Free-market medicine receiving national attention

When Oklahoma City physician Keith Smith appeared on Bill O’Reilly’s program Monday night on Fox News, it was just the latest instance of what’s becoming a common occurrence. As Patrick McGuigan reports (“Dr. Smith goes to Washington: Oklahoma doctor gains national prominence supporting free market”), “Smith has become a ‘go-to’ guy for analysts, regardless of philosophy, who want a thoughtful market-oriented critique of the current and emerging state of American health-care delivery.”

Smith founded the Surgery Center of Oklahoma, which has garnered rave reviews and sympathetic news stories in the regional and national news media, including in Oklahoma’s largest newspaper. He now regularly testifies before Congress.

Since the early 1990s, Smith and his colleagues have rebuffed not only federal health care funding but also most “Big Insurance” requirements. The center is thriving as a model for affordable, market-oriented, cash-basis health care. Further, the facility’s physicians and staff share a commitment to provide reduced-cost or pro bono care for people who need it.

The recognition came slow, at first, but it has built the past two years, after stories that gained wide circulation through Reason.com, Watchdog.org, at blogs for the Oklahoma Council of Public Affairs, and through John Stossel, also of Fox. …

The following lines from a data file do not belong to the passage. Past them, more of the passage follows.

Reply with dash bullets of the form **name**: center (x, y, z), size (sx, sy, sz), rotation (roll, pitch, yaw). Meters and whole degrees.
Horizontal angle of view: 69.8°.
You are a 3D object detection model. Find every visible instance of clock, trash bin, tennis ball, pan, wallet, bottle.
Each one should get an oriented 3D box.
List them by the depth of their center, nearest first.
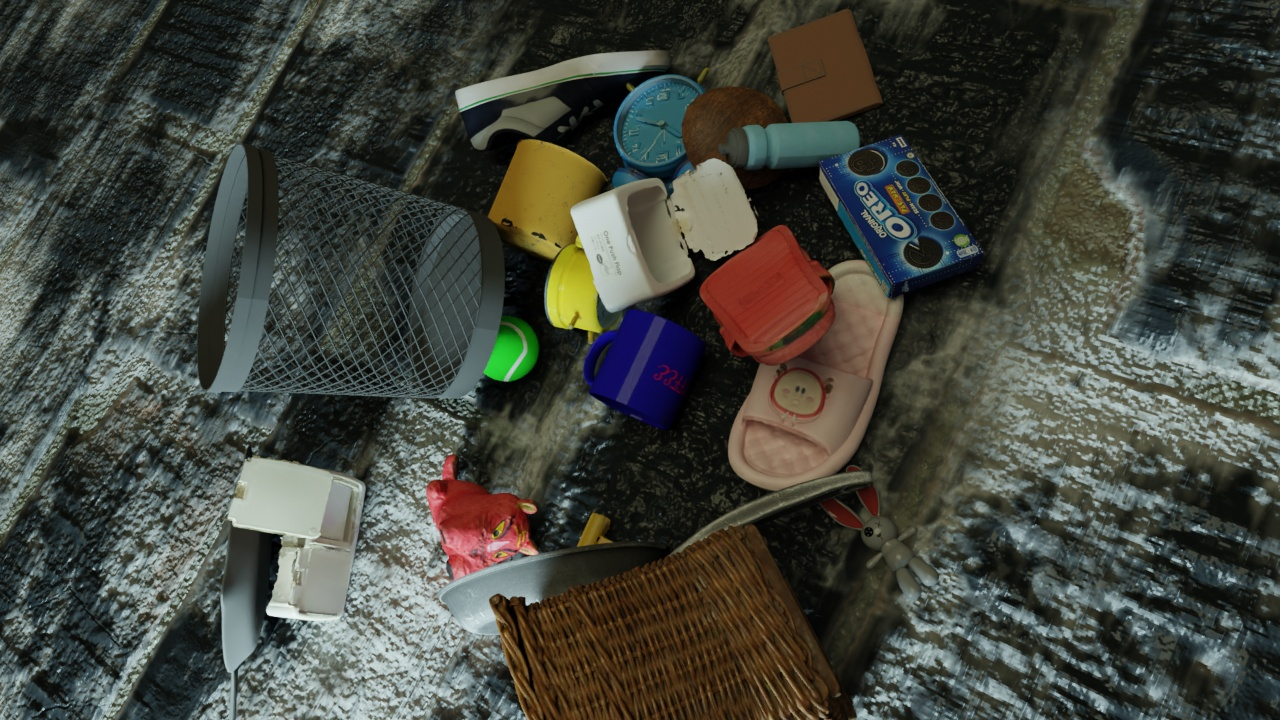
- **pan**: center (0.014, 0.155, 0.730), size (0.357, 0.187, 0.055), rotation (-15, 68, 5)
- **bottle**: center (0.134, -0.195, 0.836), size (0.130, 0.040, 0.040), rotation (-6, 64, -13)
- **trash bin**: center (-0.271, -0.068, 0.859), size (0.218, 0.227, 0.217), rotation (-17, 69, 55)
- **clock**: center (-0.048, -0.080, 0.886), size (0.057, 0.083, 0.118), rotation (13, 80, 22)
- **pan**: center (-0.383, 0.262, 0.892), size (0.024, 0.217, 0.354), rotation (4, 90, -16)
- **wallet**: center (0.179, -0.283, 0.899), size (0.087, 0.013, 0.120), rotation (-16, 65, 13)
- **tennis ball**: center (-0.133, -0.012, 0.908), size (0.065, 0.065, 0.065), rotation (-8, 68, 21)
- **clock**: center (0.029, -0.210, 0.912), size (0.117, 0.060, 0.161), rotation (-6, 71, 21)

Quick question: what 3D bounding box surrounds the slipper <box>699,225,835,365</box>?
- **slipper**: center (0.111, -0.046, 0.759), size (0.104, 0.059, 0.248), rotation (-35, 19, 11)

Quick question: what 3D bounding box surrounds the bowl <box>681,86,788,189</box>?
- **bowl**: center (0.097, -0.214, 0.864), size (0.114, 0.026, 0.102), rotation (-8, 85, -18)

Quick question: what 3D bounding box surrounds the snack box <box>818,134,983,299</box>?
- **snack box**: center (0.220, -0.128, 0.796), size (0.082, 0.027, 0.150), rotation (-19, 57, -4)

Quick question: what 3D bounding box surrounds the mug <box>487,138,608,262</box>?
- **mug**: center (-0.085, -0.152, 0.926), size (0.124, 0.100, 0.094), rotation (21, 81, 0)

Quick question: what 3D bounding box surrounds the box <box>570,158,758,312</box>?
- **box**: center (0.033, -0.118, 0.829), size (0.137, 0.120, 0.109), rotation (-13, 100, 35)

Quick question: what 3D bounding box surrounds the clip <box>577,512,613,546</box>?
- **clip**: center (-0.035, 0.167, 0.819), size (0.049, 0.044, 0.054), rotation (12, 73, 53)

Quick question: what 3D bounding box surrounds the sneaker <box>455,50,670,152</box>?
- **sneaker**: center (-0.078, -0.277, 0.986), size (0.235, 0.084, 0.079), rotation (-11, 102, 12)

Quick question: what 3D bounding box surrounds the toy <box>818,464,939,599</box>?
- **toy**: center (0.190, 0.137, 0.727), size (0.049, 0.030, 0.111), rotation (-42, 56, 9)

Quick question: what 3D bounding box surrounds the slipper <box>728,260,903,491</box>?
- **slipper**: center (0.153, 0.011, 0.776), size (0.107, 0.055, 0.221), rotation (24, 78, 28)

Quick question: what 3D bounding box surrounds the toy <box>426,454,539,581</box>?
- **toy**: center (-0.151, 0.143, 0.872), size (0.094, 0.088, 0.133), rotation (-16, 39, -17)

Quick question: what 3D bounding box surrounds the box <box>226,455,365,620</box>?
- **box**: center (-0.304, 0.170, 0.853), size (0.070, 0.186, 0.143), rotation (2, 76, 12)

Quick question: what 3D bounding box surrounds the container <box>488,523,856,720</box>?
- **container**: center (0.039, 0.227, 0.651), size (0.183, 0.250, 0.162), rotation (-27, 62, 2)

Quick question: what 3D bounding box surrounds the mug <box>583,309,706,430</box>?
- **mug**: center (-0.005, 0.005, 0.839), size (0.111, 0.079, 0.083), rotation (18, 79, 40)
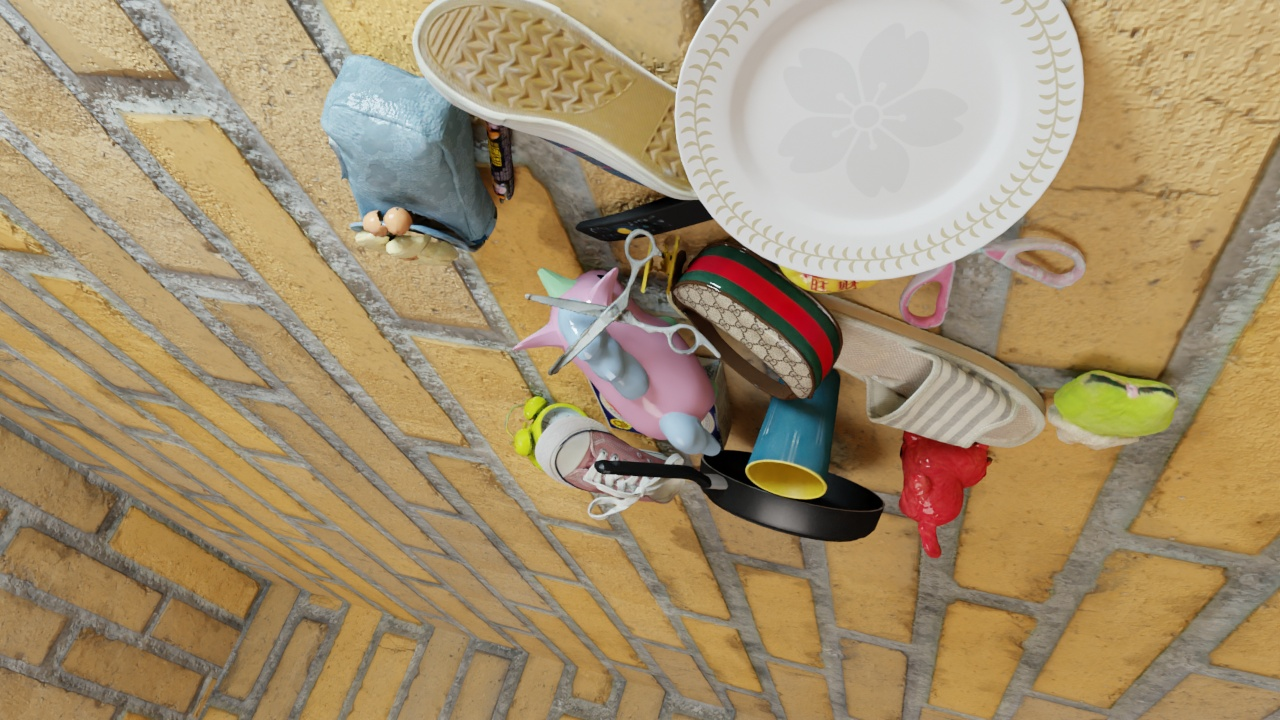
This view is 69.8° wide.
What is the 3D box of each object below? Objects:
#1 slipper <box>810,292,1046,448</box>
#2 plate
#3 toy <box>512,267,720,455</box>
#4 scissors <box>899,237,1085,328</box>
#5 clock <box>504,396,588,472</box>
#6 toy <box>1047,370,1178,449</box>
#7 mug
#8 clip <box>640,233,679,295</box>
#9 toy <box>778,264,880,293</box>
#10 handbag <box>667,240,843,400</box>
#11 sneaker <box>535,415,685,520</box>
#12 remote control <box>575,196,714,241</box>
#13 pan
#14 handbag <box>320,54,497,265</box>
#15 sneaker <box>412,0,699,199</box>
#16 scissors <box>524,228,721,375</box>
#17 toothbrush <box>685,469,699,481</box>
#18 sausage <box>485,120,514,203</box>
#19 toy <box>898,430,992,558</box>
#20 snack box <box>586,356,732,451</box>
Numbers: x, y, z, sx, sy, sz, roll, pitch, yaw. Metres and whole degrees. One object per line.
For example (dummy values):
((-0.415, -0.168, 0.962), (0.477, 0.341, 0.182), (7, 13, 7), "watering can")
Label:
((0.241, 0.016, 0.833), (0.272, 0.053, 0.115), (27, 145, -8), "slipper")
((0.143, -0.151, 0.573), (0.242, 0.016, 0.243), (6, 134, 6), "plate")
((-0.005, 0.005, 0.846), (0.120, 0.170, 0.222), (-36, 85, 18), "toy")
((0.250, -0.076, 0.667), (0.168, 0.014, 0.171), (-1, 146, 7), "scissors")
((-0.115, 0.094, 1.160), (0.119, 0.083, 0.057), (21, 147, -9), "clock")
((0.401, 0.047, 0.793), (0.092, 0.043, 0.118), (11, 154, 10), "toy")
((0.155, 0.064, 0.894), (0.078, 0.121, 0.078), (16, 152, 8), "mug")
((0.019, -0.085, 0.789), (0.045, 0.048, 0.054), (22, 116, 27), "clip")
((0.146, -0.091, 0.692), (0.106, 0.067, 0.137), (-8, 151, 30), "toy")
((0.091, -0.029, 0.806), (0.166, 0.063, 0.139), (37, 154, 6), "handbag")
((-0.023, 0.140, 1.121), (0.240, 0.118, 0.088), (23, -167, -43), "sneaker")
((0.010, -0.120, 0.762), (0.152, 0.020, 0.041), (-8, 163, 42), "remote control")
((0.101, 0.136, 0.966), (0.355, 0.044, 0.204), (8, -172, -35), "pan")
((-0.189, -0.144, 0.745), (0.122, 0.118, 0.192), (17, 157, 5), "handbag")
((-0.043, -0.183, 0.648), (0.235, 0.087, 0.079), (24, -178, -7), "sneaker")
((-0.009, -0.035, 0.762), (0.175, 0.141, 0.014), (24, -175, -14), "scissors")
((0.052, 0.154, 1.231), (0.136, 0.016, 0.021), (-4, 143, 38), "toothbrush")
((-0.115, -0.177, 0.742), (0.020, 0.020, 0.155), (17, 152, 5), "sausage")
((0.309, 0.130, 0.919), (0.094, 0.132, 0.088), (3, 160, 10), "toy")
((0.023, 0.040, 1.018), (0.145, 0.042, 0.144), (10, 152, 17), "snack box")

Smith reports the vast majority of patients at the center are drawn initially by lower prices but retained by high-quality care. In slow motion, online transparency for medical costs is catching on in Oklahoma.

Indeed, one writer at the Foundation for Economic Education calls Oklahoma City “the Silicon Valley of healthcare” and asks the question: “Can this man save health care?” At a time when a president who promised to “fundamentally transform the United States of America” is attempting to do just that, it’s encouraging that freedom fighters in Oklahoma are pushing back.